Really, they should obfuscate the user-submitted URL entirely instead of
blacklisting or whitelisting.

------
Gurrewe
I can recommend Instabridge, which seems to do the exact same thing. [1]

[1]: [http://instabridge.com/en/](http://instabridge.com/en/)

------
namenotrequired
How does it work? The only word they use for it is "magically".

So, you actually invented _magic_ , and of all the possible things you could
do with it, you chose _this_?

------
TheHippo
For mobile devices: Just create a QR code, than you don't need to share your
password with any one, except who is directly at your location.

------
dragos2
How is it possible that although this post gets only negative comments it
still gets to be 3th post on front page? If everyone considers this service to
be bad, then it shouldn't even get to the front page.

I don't have anything against this website, but I've seen this stuff happen
before and I don't understand it.

------
sendnein
So if you brute force [http://getwifi.io/XXX](http://getwifi.io/XXX) you get
everyone's WiFi passwords. Great idea.

Also check out my version:
[http://getwifi.io/whatyouwritebelow](http://getwifi.io/whatyouwritebelow)

Also: delete this site.

------
ktzar
So, nice design... What do you do?

Philippe, CTO “What shall we do tonight?”

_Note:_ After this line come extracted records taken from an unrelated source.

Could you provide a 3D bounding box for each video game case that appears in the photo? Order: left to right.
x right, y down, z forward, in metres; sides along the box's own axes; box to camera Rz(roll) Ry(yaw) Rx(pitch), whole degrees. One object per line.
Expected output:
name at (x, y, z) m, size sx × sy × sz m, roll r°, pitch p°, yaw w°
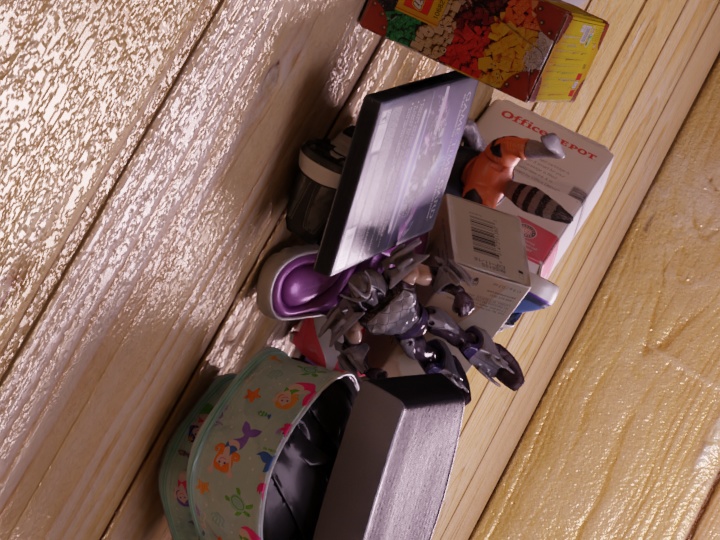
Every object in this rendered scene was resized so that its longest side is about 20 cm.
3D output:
video game case at (0.031, -0.081, 1.538) m, size 0.200 × 0.019 × 0.143 m, roll -26°, pitch 137°, yaw -63°

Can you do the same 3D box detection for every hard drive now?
hard drive at (0.019, 0.182, 1.538) m, size 0.135 × 0.042 × 0.200 m, roll 0°, pitch 108°, yaw -58°

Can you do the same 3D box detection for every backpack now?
backpack at (-0.069, 0.161, 1.563) m, size 0.178 × 0.150 × 0.200 m, roll -54°, pitch 154°, yaw -32°

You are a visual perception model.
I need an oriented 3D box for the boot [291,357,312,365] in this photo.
boot at (-0.071, 0.193, 1.761) m, size 0.168 × 0.076 × 0.200 m, roll 66°, pitch 44°, yaw -61°

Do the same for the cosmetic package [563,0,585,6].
cosmetic package at (0.182, -0.302, 1.839) m, size 0.200 × 0.090 × 0.107 m, roll -38°, pitch 151°, yaw -57°

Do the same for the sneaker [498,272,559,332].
sneaker at (0.090, 0.062, 1.881) m, size 0.081 × 0.200 × 0.147 m, roll 26°, pitch 78°, yaw -47°

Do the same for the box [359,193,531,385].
box at (0.067, 0.038, 1.742) m, size 0.200 × 0.078 × 0.095 m, roll -57°, pitch -155°, yaw 37°

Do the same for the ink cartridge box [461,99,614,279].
ink cartridge box at (0.156, -0.070, 2.036) m, size 0.200 × 0.146 × 0.083 m, roll -52°, pitch 164°, yaw -42°

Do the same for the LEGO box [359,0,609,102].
LEGO box at (0.104, -0.198, 1.577) m, size 0.077 × 0.149 × 0.200 m, roll -66°, pitch 167°, yaw 11°

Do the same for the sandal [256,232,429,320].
sandal at (-0.003, 0.005, 1.623) m, size 0.203 × 0.050 × 0.083 m, roll -22°, pitch 124°, yaw -43°

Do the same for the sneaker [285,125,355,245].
sneaker at (-0.010, -0.064, 1.582) m, size 0.091 × 0.066 × 0.200 m, roll -65°, pitch 164°, yaw 17°

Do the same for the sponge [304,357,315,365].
sponge at (-0.003, 0.013, 1.826) m, size 0.112 × 0.030 × 0.200 m, roll -45°, pitch 157°, yaw -56°

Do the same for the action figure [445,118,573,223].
action figure at (0.106, -0.058, 1.848) m, size 0.193 × 0.105 × 0.200 m, roll 25°, pitch -82°, yaw 64°

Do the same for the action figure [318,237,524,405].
action figure at (0.050, 0.048, 1.617) m, size 0.130 × 0.069 × 0.200 m, roll -34°, pitch 139°, yaw 19°

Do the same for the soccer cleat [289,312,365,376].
soccer cleat at (0.000, 0.000, 1.708) m, size 0.067 × 0.076 × 0.200 m, roll -39°, pitch 152°, yaw -62°
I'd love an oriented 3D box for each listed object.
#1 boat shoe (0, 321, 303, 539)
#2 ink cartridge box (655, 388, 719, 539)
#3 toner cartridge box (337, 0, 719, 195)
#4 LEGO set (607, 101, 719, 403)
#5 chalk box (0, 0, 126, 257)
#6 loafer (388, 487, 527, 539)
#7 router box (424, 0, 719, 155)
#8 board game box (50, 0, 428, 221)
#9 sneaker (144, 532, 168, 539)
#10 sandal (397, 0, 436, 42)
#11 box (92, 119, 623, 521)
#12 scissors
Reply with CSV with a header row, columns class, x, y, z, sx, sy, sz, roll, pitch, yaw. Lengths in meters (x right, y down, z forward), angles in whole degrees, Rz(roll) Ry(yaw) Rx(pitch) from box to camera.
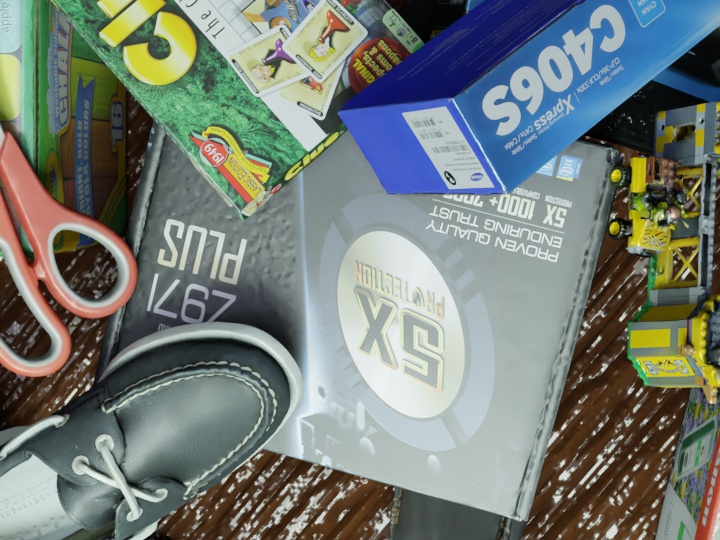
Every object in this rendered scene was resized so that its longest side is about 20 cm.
class,x,y,z,sx,sy,sz,roll,pitch,yaw
boat shoe,-0.110,0.087,0.661,0.199,0.060,0.076,-32,109,28
ink cartridge box,0.171,0.112,0.694,0.050,0.200,0.110,12,95,4
toner cartridge box,0.094,-0.102,0.615,0.200,0.095,0.043,-38,109,-19
LEGO set,0.210,-0.009,0.647,0.199,0.116,0.155,18,76,-34
chalk box,-0.187,-0.071,0.714,0.123,0.200,0.125,2,95,5
loafer,0.046,0.132,0.772,0.072,0.072,0.202,8,94,6
router box,0.138,-0.129,0.721,0.199,0.051,0.150,13,95,-19
board game box,-0.075,-0.129,0.645,0.105,0.023,0.200,-42,86,-5
sneaker,-0.100,0.206,0.791,0.200,0.078,0.090,43,103,2
sandal,-0.009,-0.075,0.758,0.199,0.045,0.075,-33,100,22
box,0.000,0.000,0.703,0.199,0.086,0.165,16,98,5
scissors,-0.158,-0.053,0.635,0.073,0.014,0.201,-32,107,-17
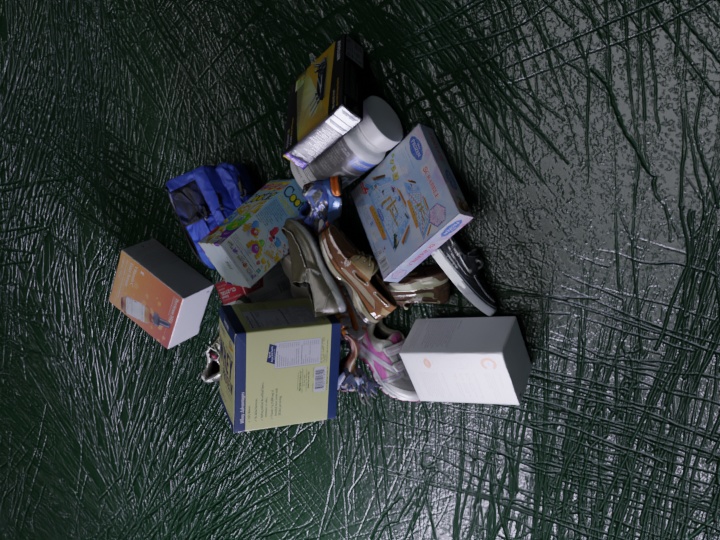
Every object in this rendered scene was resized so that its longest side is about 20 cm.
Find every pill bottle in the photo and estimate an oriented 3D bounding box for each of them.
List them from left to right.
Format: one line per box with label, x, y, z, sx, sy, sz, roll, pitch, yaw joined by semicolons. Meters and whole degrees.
pill bottle;-0.025;-0.223;1.380;0.199;0.114;0.114;-31;89;36

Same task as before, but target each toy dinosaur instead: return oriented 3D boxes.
toy dinosaur;-0.020;0.208;1.514;0.181;0.104;0.202;-159;73;-69

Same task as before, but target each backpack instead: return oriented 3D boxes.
backpack;-0.283;-0.112;1.548;0.166;0.162;0.202;-20;94;14

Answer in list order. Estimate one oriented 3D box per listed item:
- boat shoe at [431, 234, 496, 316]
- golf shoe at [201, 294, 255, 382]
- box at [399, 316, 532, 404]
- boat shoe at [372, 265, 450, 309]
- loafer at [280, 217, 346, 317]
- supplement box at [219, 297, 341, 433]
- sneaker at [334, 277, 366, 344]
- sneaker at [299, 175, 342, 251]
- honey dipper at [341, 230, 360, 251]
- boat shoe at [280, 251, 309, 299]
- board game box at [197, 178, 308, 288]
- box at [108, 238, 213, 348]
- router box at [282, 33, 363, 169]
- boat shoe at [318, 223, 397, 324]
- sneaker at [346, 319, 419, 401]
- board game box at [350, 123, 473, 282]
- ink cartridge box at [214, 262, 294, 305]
boat shoe;0.187;-0.010;1.353;0.068;0.072;0.201;-40;86;13
golf shoe;-0.251;0.142;1.482;0.077;0.088;0.201;35;124;22
box;0.191;0.161;1.367;0.198;0.098;0.125;-3;126;32
boat shoe;0.075;0.042;1.435;0.201;0.075;0.076;-3;113;33
loafer;-0.097;-0.003;1.379;0.069;0.075;0.201;-28;80;-9
supplement box;-0.154;0.172;1.418;0.134;0.198;0.202;-139;49;-61
sneaker;-0.054;0.053;1.494;0.077;0.078;0.202;-36;61;47
sneaker;-0.075;-0.099;1.404;0.077;0.076;0.201;2;138;-3
honey dipper;-0.049;-0.082;1.494;0.200;0.038;0.038;47;124;5
boat shoe;-0.104;0.022;1.517;0.072;0.063;0.201;32;155;30
board game box;-0.191;-0.074;1.451;0.103;0.200;0.105;6;135;54
box;-0.459;0.051;1.743;0.199;0.106;0.153;34;121;18
router box;-0.064;-0.299;1.340;0.052;0.202;0.157;30;132;-32
boat shoe;0.000;0.000;1.374;0.073;0.076;0.201;-26;107;22
sneaker;0.059;0.169;1.481;0.200;0.081;0.088;44;125;11
board game box;0.084;-0.117;1.342;0.199;0.041;0.202;-41;56;35
ink cartridge box;-0.192;0.089;1.567;0.082;0.145;0.202;-19;96;37
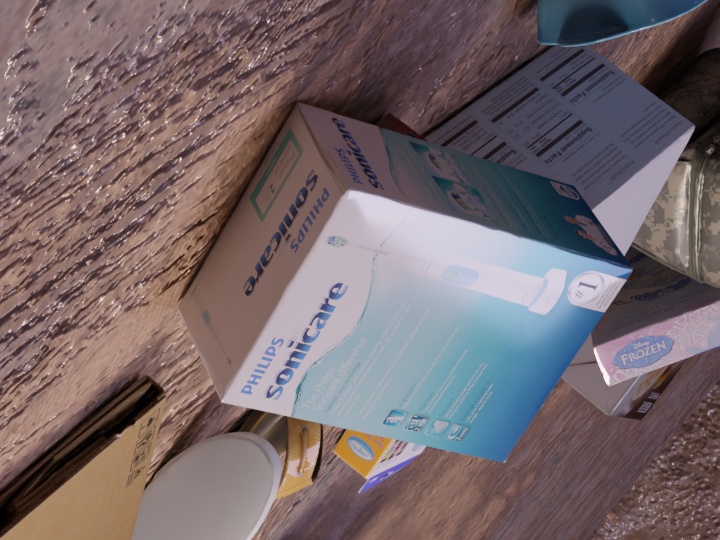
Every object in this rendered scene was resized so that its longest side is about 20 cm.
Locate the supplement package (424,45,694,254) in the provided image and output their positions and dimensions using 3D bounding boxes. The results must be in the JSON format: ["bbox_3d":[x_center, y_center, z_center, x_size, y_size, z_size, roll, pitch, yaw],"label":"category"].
[{"bbox_3d":[0.102,-0.033,1.598,0.200,0.111,0.156,-36,159,-43],"label":"supplement package"}]

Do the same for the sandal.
[{"bbox_3d":[-0.041,0.112,1.625,0.200,0.054,0.080,-46,164,-22],"label":"sandal"}]

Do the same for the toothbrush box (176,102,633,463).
[{"bbox_3d":[0.024,0.011,1.332,0.200,0.085,0.147,13,120,-34],"label":"toothbrush box"}]

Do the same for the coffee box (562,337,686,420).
[{"bbox_3d":[0.267,0.080,2.416,0.114,0.080,0.200,-53,165,5],"label":"coffee box"}]

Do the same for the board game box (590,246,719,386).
[{"bbox_3d":[0.284,0.007,2.018,0.199,0.043,0.199,-20,-161,9],"label":"board game box"}]

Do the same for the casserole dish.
[{"bbox_3d":[0.186,-0.194,1.510,0.121,0.039,0.200,-4,-157,43],"label":"casserole dish"}]

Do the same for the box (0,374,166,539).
[{"bbox_3d":[-0.183,0.165,1.388,0.163,0.021,0.200,-41,162,-34],"label":"box"}]

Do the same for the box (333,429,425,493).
[{"bbox_3d":[0.053,0.082,1.868,0.200,0.041,0.119,-54,165,19],"label":"box"}]

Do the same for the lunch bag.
[{"bbox_3d":[0.290,-0.088,1.925,0.200,0.167,0.140,-43,139,-37],"label":"lunch bag"}]

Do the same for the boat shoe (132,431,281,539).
[{"bbox_3d":[-0.115,0.175,1.537,0.200,0.071,0.064,-48,166,19],"label":"boat shoe"}]

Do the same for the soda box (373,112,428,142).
[{"bbox_3d":[0.000,0.000,1.466,0.068,0.064,0.200,-41,161,-35],"label":"soda box"}]

I get it now, it's all a joke!

------
iancarroll
It's a cool concept - but unless you integrate it at the router level, bad
things start happening. Mainly, guests and homeowners will be able to talk to
each other (on the connection) and that's not good.

I could see more viability if it was built into the router with separate
VLAN's.

------
klinquist
Hm.. Is this similar to my service, www.GetOnMyWifi.com?

I generate a QR code that when scanned with an iOS device, will push a mobile
provisioning profile down to the device and log them onto your wifi.

Edit: Yep, looks like a different implementation of the same 'trick' :)

------
midnite_runr
Ok, so you can guess the wifi access points via bruteforce:

Example: [http://getwifi.io/test](http://getwifi.io/test) <\-- Easy.

No transport encryption.

And why is this better than a note on the frig?

------
alexcason
No idea what this is or what service they are providing. The website is
terrible.

------
jonny_eh
"securely" is spelled wrong.

Out of curiosity, what does this service do? It lets me share my computer's
list of known wifi hotspots with another computer?

------
hengheng
Somewhere in the depths of Bluetooth Proximity Pairing, I remember seeing
this. As part of the standard, not as a random startup with no influence on
industry.

------
bru
Small bug report: password validation message says it has to be at least 5
characters, when it actually has to be _more than_ 5 characters.

------
reedloden
Yes, I'll be happy to provide a password over your non-SSL website that can be
intercepted by anybody MITM'ing me. _rolls eyes_

------
lxfontes
Sounds similar to [http://www.mandicmagic.com/](http://www.mandicmagic.com/)

------
meowface
This seems like an "if it ain't broke don't fix it" situation.

------
sylvinus
This seems to me like an extreme "first world" problem?